In full and without alteration, print the records below, minus any images.

═══ RECORDS FOR PROCESSING ═══

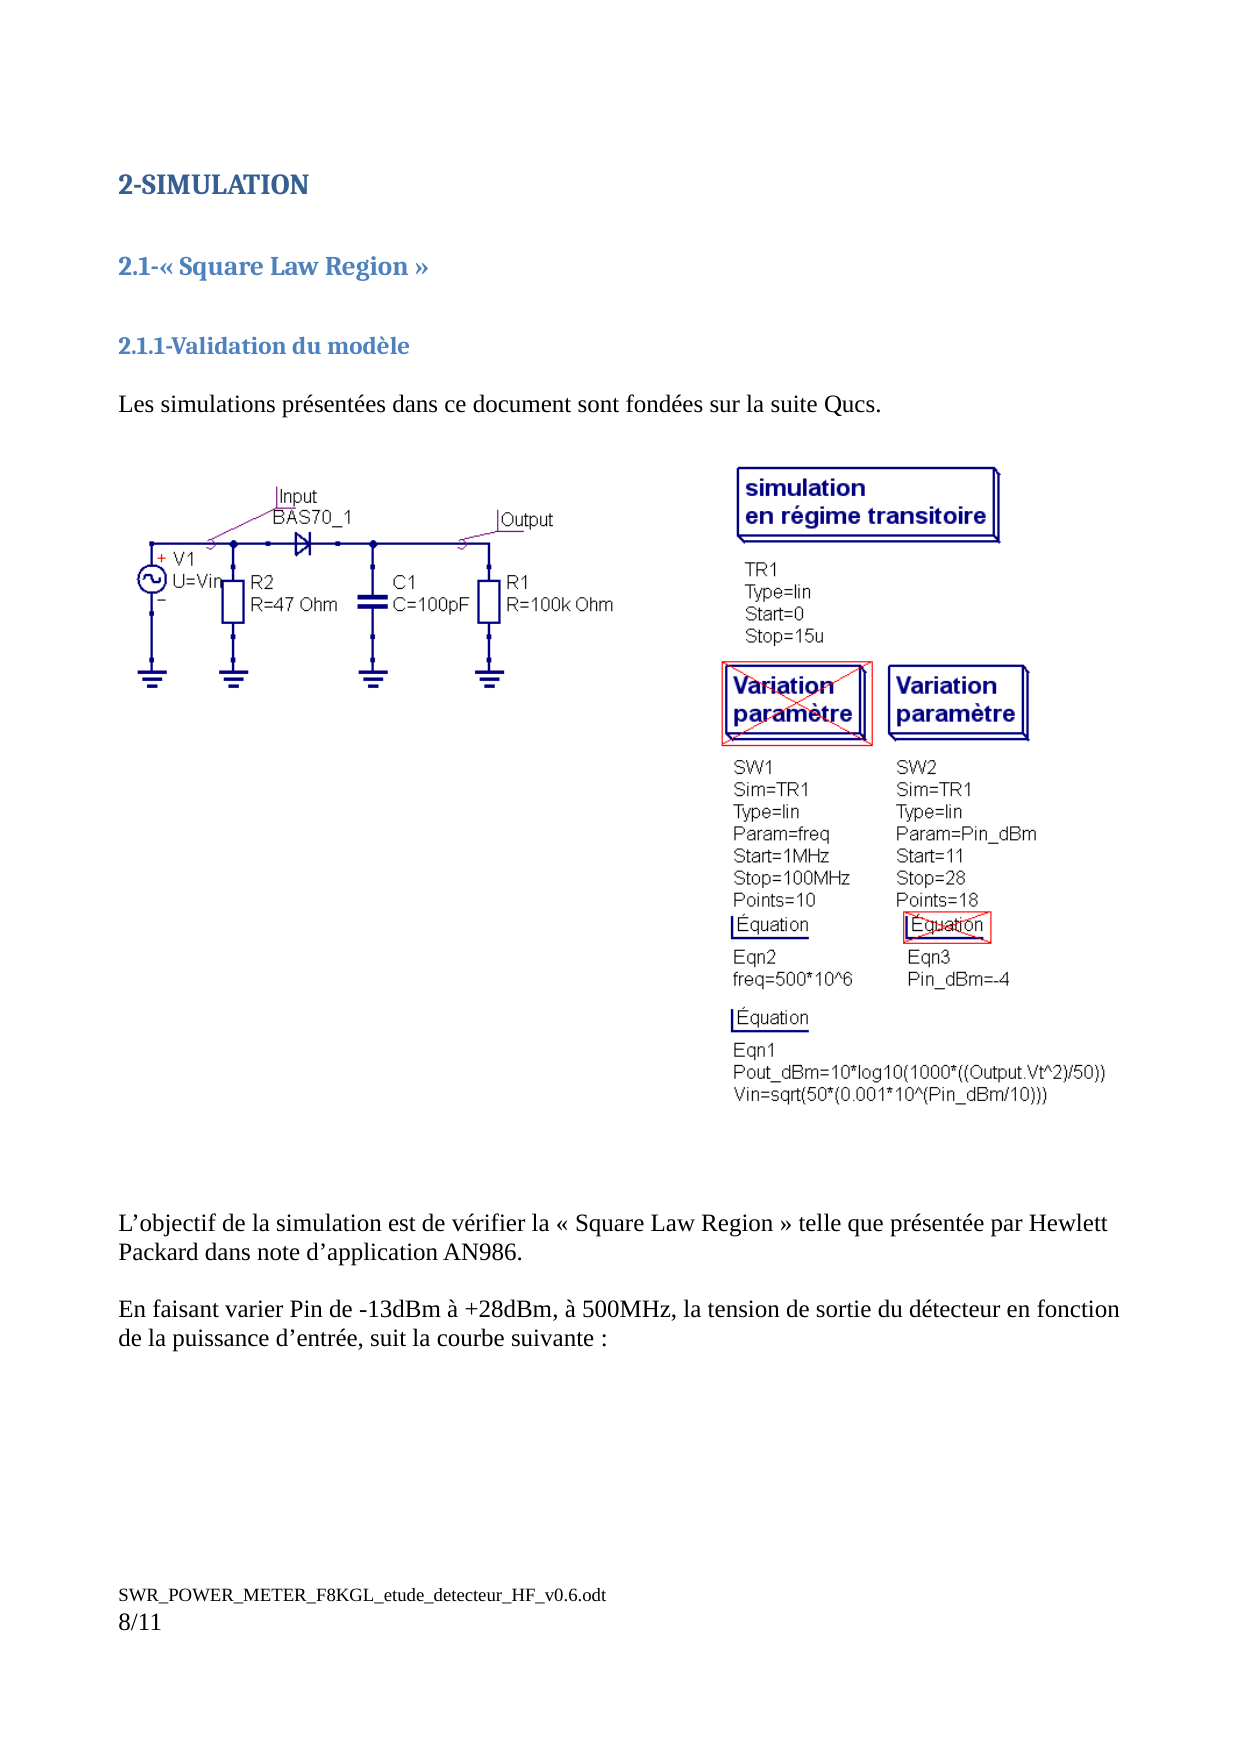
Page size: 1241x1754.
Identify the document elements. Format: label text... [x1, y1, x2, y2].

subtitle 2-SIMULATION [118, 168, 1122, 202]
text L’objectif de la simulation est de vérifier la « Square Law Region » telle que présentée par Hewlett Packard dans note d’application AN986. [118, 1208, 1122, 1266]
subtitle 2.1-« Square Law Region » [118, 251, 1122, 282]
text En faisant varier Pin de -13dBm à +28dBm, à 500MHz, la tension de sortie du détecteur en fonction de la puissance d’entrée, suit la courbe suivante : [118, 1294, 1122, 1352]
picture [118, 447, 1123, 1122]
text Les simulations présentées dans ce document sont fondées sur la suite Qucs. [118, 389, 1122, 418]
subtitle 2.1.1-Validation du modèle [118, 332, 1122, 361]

═══

● **RESULT OF THIS TASK**:
Page size: 1241x1754.
Identify the document elements. Format: label text... [x1, y1, x2, y2].

subtitle 2-SIMULATION [118, 168, 1122, 202]
text L’objectif de la simulation est de vérifier la « Square Law Region » telle que présentée par Hewlett Packard dans note d’application AN986. [118, 1208, 1122, 1266]
subtitle 2.1-« Square Law Region » [118, 251, 1122, 282]
text En faisant varier Pin de -13dBm à +28dBm, à 500MHz, la tension de sortie du détecteur en fonction de la puissance d’entrée, suit la courbe suivante : [118, 1294, 1122, 1352]
picture [118, 447, 1123, 1122]
text Les simulations présentées dans ce document sont fondées sur la suite Qucs. [118, 389, 1122, 418]
subtitle 2.1.1-Validation du modèle [118, 332, 1122, 361]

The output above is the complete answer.